Software, tools or scripts
[edit]yt-dlp
[edit]Single video download
[edit]yt-dlp (download page) is an open-source tool available as package in many GNU/Linux distributions, as well as macOS and Windows. However, yt-dlp does not offer a graphical user interface.
Command line example for download of a single video:
yt-dlp -o "%(title)s-%(id)s.%(ext)s" --match-filters "license=Creative Commons Attribution license (reuse allowed)" --embed-metadata --embed-subs --parse-metadata "CC-BY-3.0:%(meta_license)s" --parse-metadata "%(tags)l:%(meta_keywords)s" --parse-metadata "%(categories)l:%(meta_subject)s" --parse-metadata "%(uploader_url)s:%(meta_artist_url)s" --parse-metadata "%(channel_url)s:%(meta_channel_url)s" --sponsorblock-remove default -f bestvideo+bestaudio --recode-video webm --continue --retries 4 --ignore-errors https://www.youtube.com/watch?v=aaaaaaaaaaa
Important arguments to note are:
- -f bestvideo+bestaudio downloads both video and audio tracks. For some videos, removal of the audio track may be desired as the audio track may be unnecessary background music or may have an incompatible license to the Creative Commons licensed video track. Change this -f argument to -f bestvideo to ignore the audio track and only download the video track.

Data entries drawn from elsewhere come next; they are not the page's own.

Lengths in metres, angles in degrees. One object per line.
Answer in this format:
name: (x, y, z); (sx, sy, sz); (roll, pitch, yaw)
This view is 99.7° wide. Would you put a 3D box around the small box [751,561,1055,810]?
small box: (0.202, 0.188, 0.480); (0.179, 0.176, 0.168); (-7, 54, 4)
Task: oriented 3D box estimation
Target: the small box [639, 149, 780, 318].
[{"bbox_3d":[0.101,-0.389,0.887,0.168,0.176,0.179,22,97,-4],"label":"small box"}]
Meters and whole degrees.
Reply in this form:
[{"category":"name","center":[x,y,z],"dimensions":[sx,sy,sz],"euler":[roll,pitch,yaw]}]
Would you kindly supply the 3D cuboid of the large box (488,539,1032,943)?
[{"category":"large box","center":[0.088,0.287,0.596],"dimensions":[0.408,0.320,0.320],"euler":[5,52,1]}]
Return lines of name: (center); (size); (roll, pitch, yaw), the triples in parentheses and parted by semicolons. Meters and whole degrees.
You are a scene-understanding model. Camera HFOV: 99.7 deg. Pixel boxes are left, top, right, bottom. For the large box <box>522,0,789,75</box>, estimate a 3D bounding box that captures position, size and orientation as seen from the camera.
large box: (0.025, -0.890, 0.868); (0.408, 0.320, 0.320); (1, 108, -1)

- --embed-metadata embeds basic YouTube video metadata including source URL, YouTube user handle, video title, description and chapter markers for longer videos. This metadata can sometimes include advertisements or promotional links that are advisable to remove either by referring to the yt-dlp manual for metadata modification arguments, or by manual metadata modification process applied after download. Additional --parse-metadata arguments can be added to extract and perform basic manipulation of other YouTube video metadata. The WEBM container format uses the metadata fields defined in the Matroska Media Container Format Specifications.
- --sponsorblock-remove default uses the crowd-sourced SponsorBlock database to remove segments from a video that are tangential to the content, including opening animations, closing credits and requests to subscribe, like and comment on YouTube videos. Although unlikely to occur in Creative Commons licensed content, embedded advertisement segments are also removed in this default mode. Refer to the yt-dlp manual for other SponsorBlock options for which tangential content of a video to keep or remove.
- --match-filters "license=Creative Commons Attribution license (reuse allowed)" double checks that the video metadata in YouTube has a Commons-compatible CC-BY-3.0 license. If you are sure the video is in the public domain or otherwise has a different Commons-compatible license, omit this argument.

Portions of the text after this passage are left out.